Единственная бросающаяся в глаза шероховатость всего этого рассуждения заключается в том, что поиск более высоких и отдаленных природных причин, которые могут обусловливать чистый разум, без каких-либо объяснений объявляется делом, заведомо бесполезным и неинтересным с точки зрения установления правил нашего поведения. Непонятно также и то, почему это будто бы бесполезное и неинтересное дело закрепляется именно за спекулятивным разумом. Возможно, как раз для нашего понимания нравственности обнаружение таких «высоких и отдаленных причин» имело бы огромное значение, сопоставимое с тем, какое для политического сознания может иметь открытие происхождения власти. Доискиваться до истоков власти Кант, как известно, безапелляционно запрещает[112]. Может быть, этот запрет объясняет и то, почему мы должны поверить, что чистый разум в трансцендентальном смысле стоит «вне мира», избегая исследования его «отдаленных» природных причин?

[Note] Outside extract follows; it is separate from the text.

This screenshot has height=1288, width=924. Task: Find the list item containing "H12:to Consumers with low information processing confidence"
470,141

Во-вторых, некоторые исследователи, пытаясь как-то справиться с трудностями, вызванными интерпретацией кантовской концепции зла (какой она представлена в «главных» этических сочинениях Канта), пришли к нетривиальному выводу о том, что, так сказать, в конечном счете зло означает трагический и неустранимый разрыв «мира человека» между природой и свободой, сущим и должным и т. д. Этот разрыв образует саму сердцевину опыта человека и, «говоря метафорически, означает то, что в этом мире мы никогда не будем у себя дома. Признание этого заставляет нас жить со смесью страстного желания, тоски и негодования, которую мало кто может вынести»[113]. Эта мука, точнее, обреченность на нее и есть зло.

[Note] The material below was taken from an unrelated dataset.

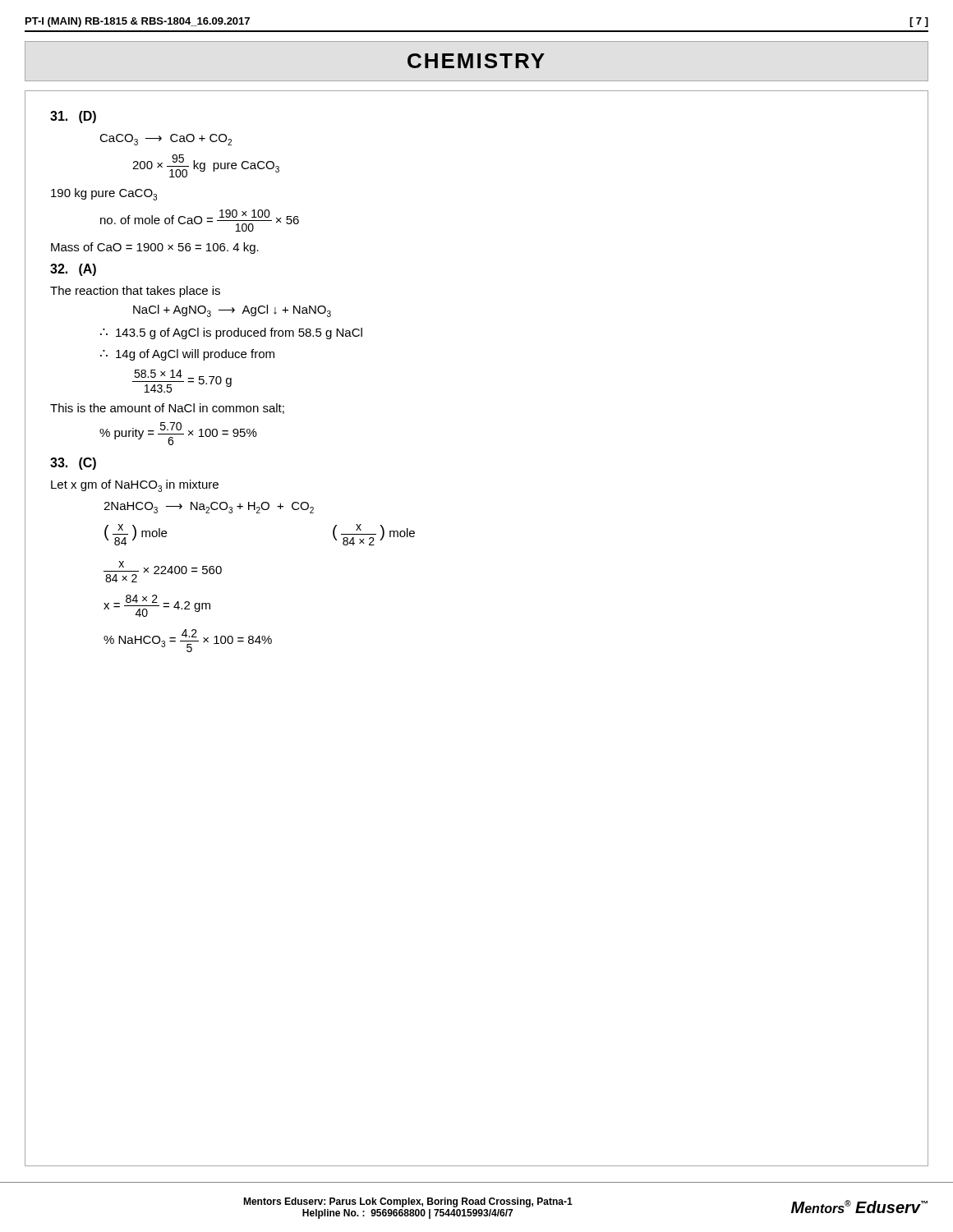Point to the text block starting "200 × 95 100 kg pure CaCO3"
The height and width of the screenshot is (1232, 953).
(206, 166)

Мне кажется, что это изобретательное и нетривиальное прочтение Канта произведено сквозь призму гегелевского примирения сознания с действительностью (посредством осуществления добра в мире таким образом, чтобы оно было в себе и для себя[114]) – в смысле трагической невозможности такого примирения в кантовской философии. Но я не хочу здесь развивать эту тему в историко-философском ключе и остановлюсь на другом. Проблема такой интерпретации кантовского зла состоит в том, что этот разрыв «мира человека» установил сам моральный закон, заняв господствующую позицию «вне мира». Разрыв – необходимое условие безусловности его предписаний и абсолютности их обязательности для всех (разумных существ), кому они адресованы. Узурпировав добро его отождествлением с самим собой, моральный закон не может относиться к трагическому разрыву «мира человека» как к злу. Бесспорно, этот разрыв есть зло с точки зрения человека. Но «главные» этические произведения Канта написаны с точки зрения не человека, а «ноуменального Я». Человек в них – лишь объект (именно так!) предписаний, «эмпирические» блага и страдания которого, его счастье или несчастье, строго говоря, не имеют никакого значения с точки зрения добра, отождествленного с безусловностью исполнения долга. В этом-то все и дело!